医学教育研究者・総合診療医のブログ

医学教育、総合診療について気ままに綴ります。

An exploratory university-based cross-sectional study of the prevalence and reporting of mistreatment and student-related factors among Thai medical students (BMC Med Educ 2023)

Naothavorn W, Puranitee P, Kaewpila W, Sumrithe S, Heeneman S, van Mook WNKA, Busari JO. An exploratory university-based cross-sectional study of the prevalence and reporting of mistreatment and student-related factors among Thai medical students. BMC Med Educ. 2023;23:473.

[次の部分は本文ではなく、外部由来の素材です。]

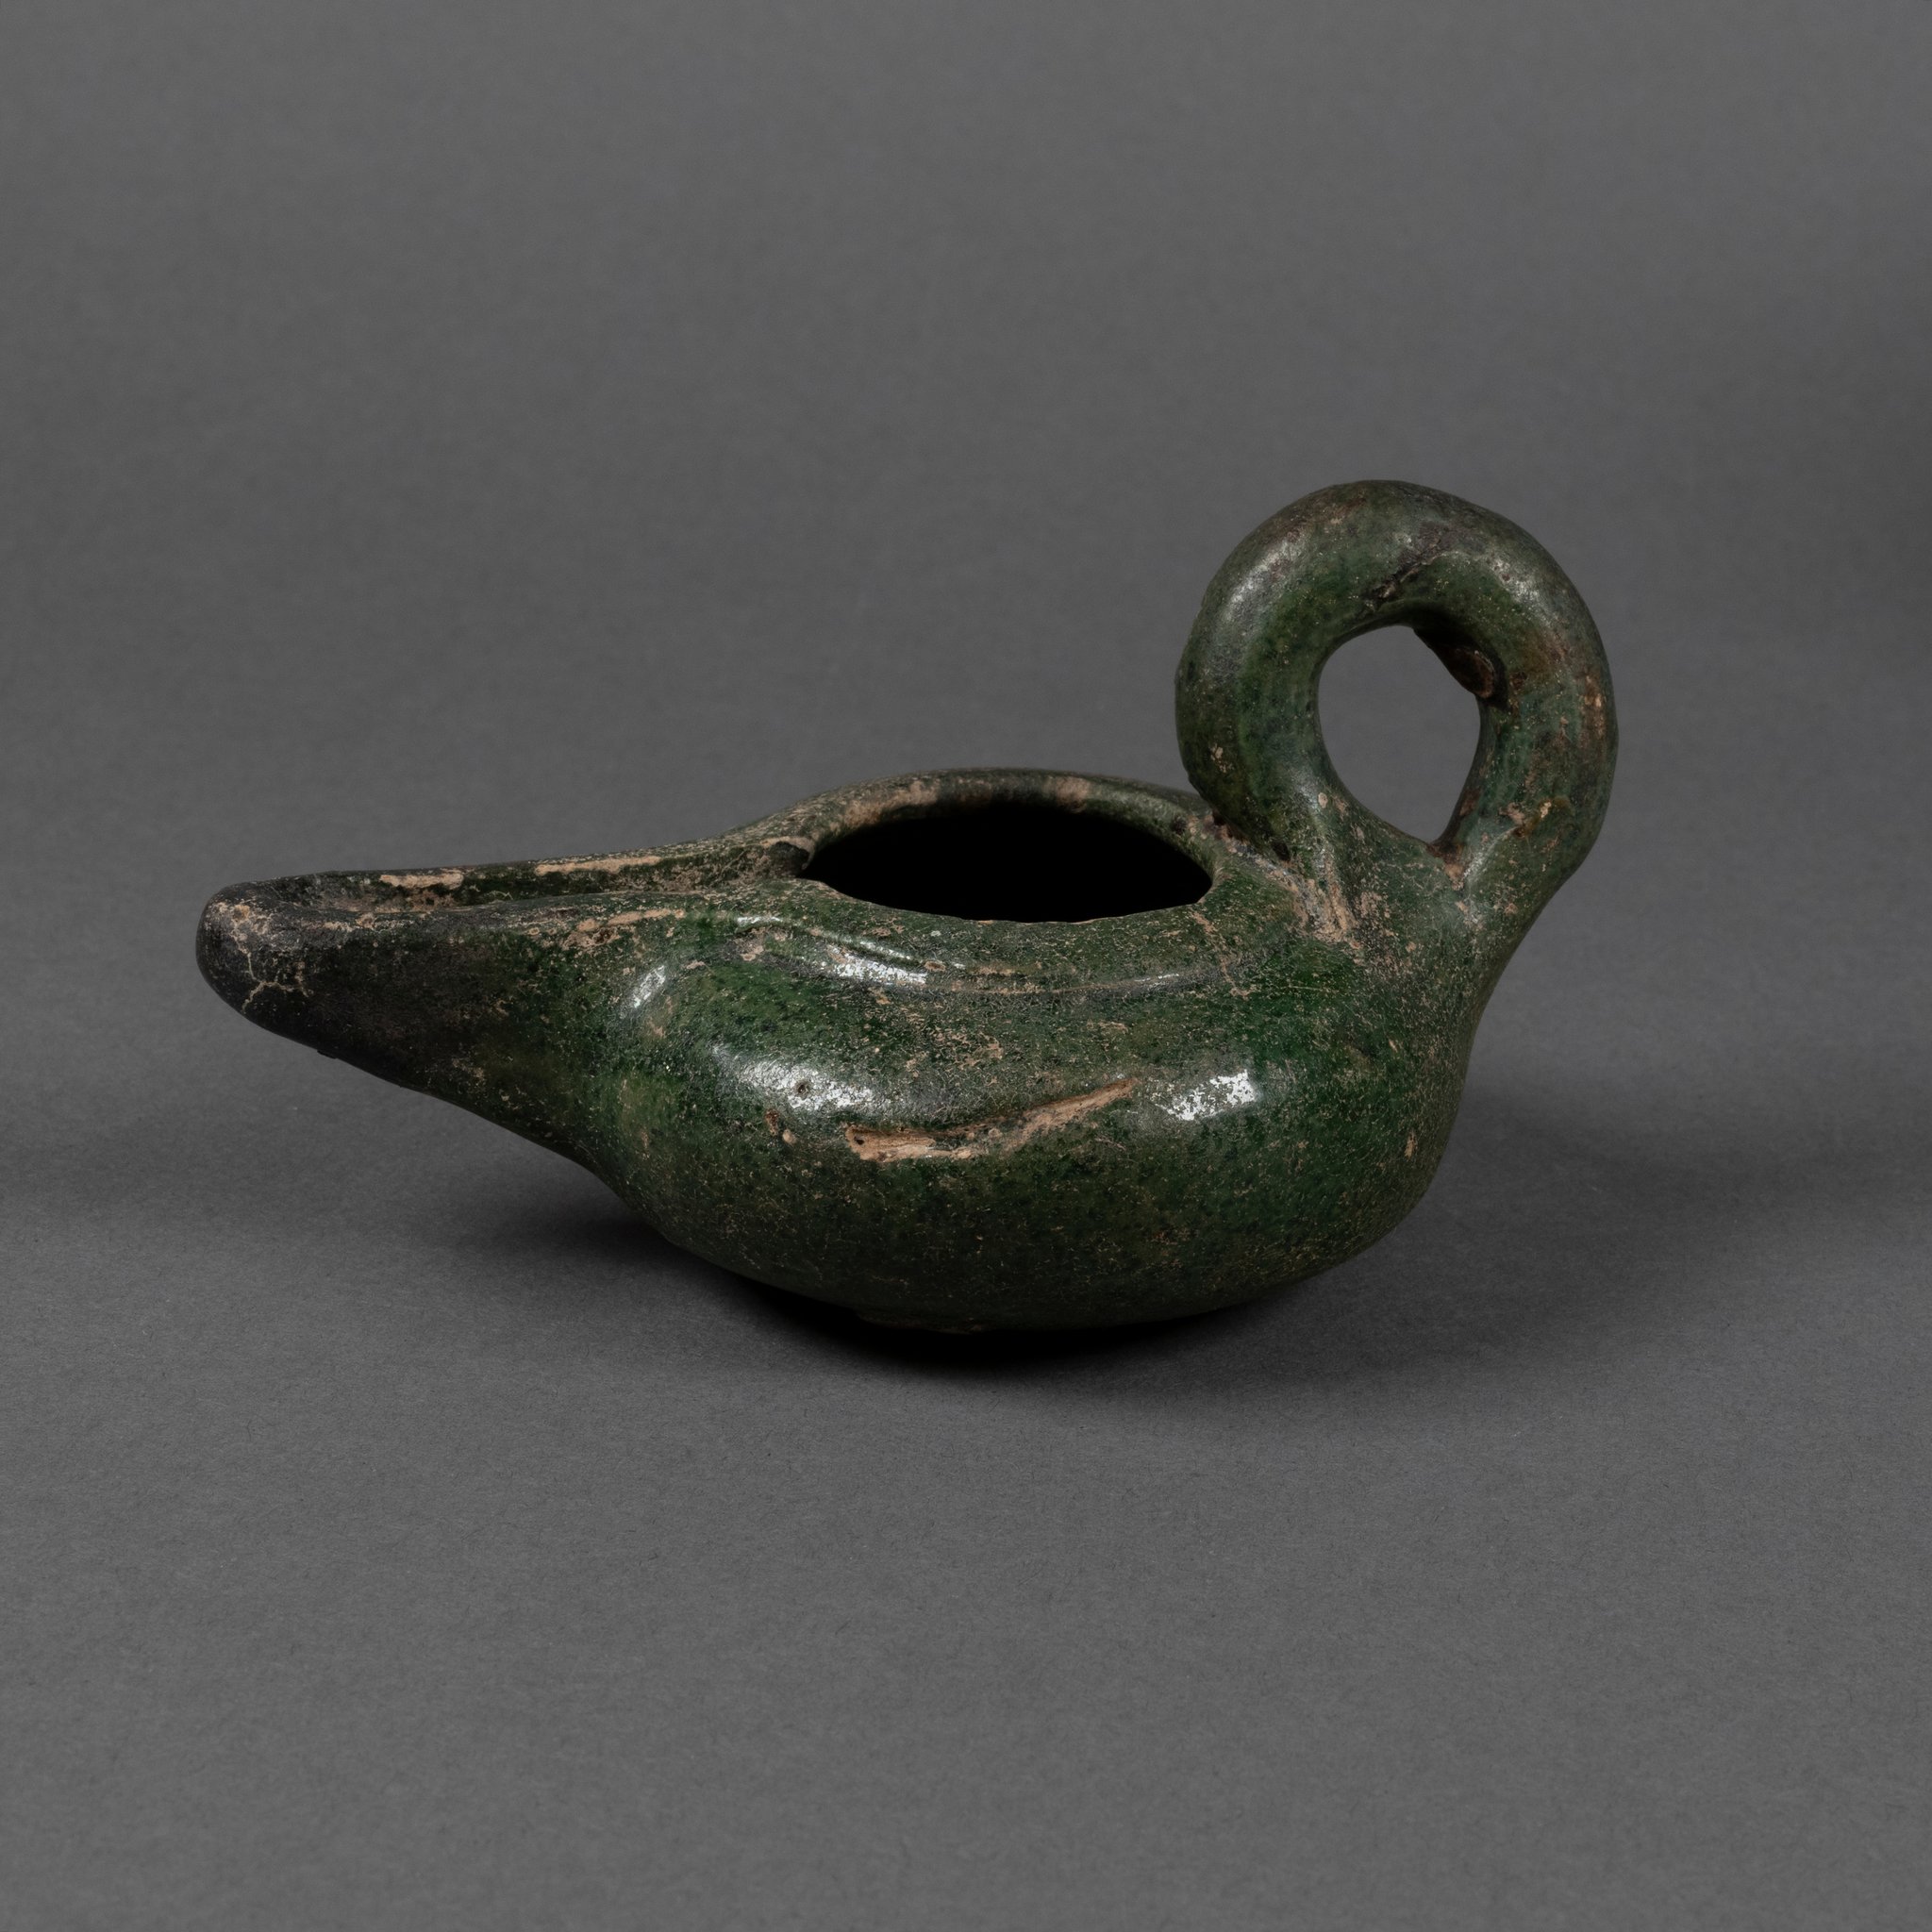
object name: lamp
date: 1501-1700
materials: earthenware, glaze
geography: iran

背景:不当な扱い (mistreatment)とは、他者の尊厳を軽んじる行動である。不当な扱いは意図的である場合と意図的でない場合があり、学習過程やウェルビーイングを阻害する可能性がある。本研究では、タイの医学生における不当な扱いの有病率と特徴、不当な扱いの報告、学生に関連する要因、およびその結果について調査した。

方法:我々はまず、品質分析を伴う順・逆翻訳プロセスを用いて、タイ語版のClinical Workplace Learning Negative Acts Questionnaire-Revised(NAQ-R)を作成した。デザインは、タイ語Clinical Workplace Learning NAQ-R、タイ語マスラックバーンアウト目録-学生調査、タイ語患者健康調査票(うつ病リスク評価)、人口統計学的情報、不当な扱いの特徴、不当な扱いの報告、関連要因、結果を用いた横断的調査研究とした。多変量分散分析を用いた記述分析および相関分析を行った。

結果:合計681名の医学生(女性52.4%、臨床学年54.6%)がアンケートに回答した(回答率79.1%)。タイのClinical Workplace Learning NAQ-Rの信頼性は高く(クロンバックα 0.922)、高い一致率(83.9%)を示した。ほとんどの参加者(n = 510、74.5%)は、不当な扱いを経験したことがあると報告した。最も一般的な不当な扱いのタイプは、職場での学習に関連したいじめ(67.7%)であり、最も一般的な発生源は、attending staffや教師(31.6%)であった。前臨床医学生を虐待した者は、上級生または同級生が最も多かった(25.9%)。臨床医学生に不当な扱いをした最も一般的な者は、attending staff(57.5%)であった。このような不当な扱いを他人に報告した学生はわずか56人(8.2%)であった。学生の学年は、職場での学習に関連したいじめと有意に関連していた(r=0.261、p<0.001)。うつ病および燃え尽き症候群のリスクは、人に関連したいじめと有意に関連していた(うつ病:r=0.20、p<0.001、燃え尽き症候群:r=0.20、p=0.012)。人に関連したいじめを経験した学生は、同僚との衝突や口論、合理的な理由なく授業や仕事を欠席すること、他人を酷使することに関する、専門職としてふさわしくない行動報告の対象となることが多かった。

結論:医学生に対する不当な扱いはメディカルスクールにおいて顕著であり、うつ病燃え尽き症候群のリスク、非専門的行動のリスクと関連していた。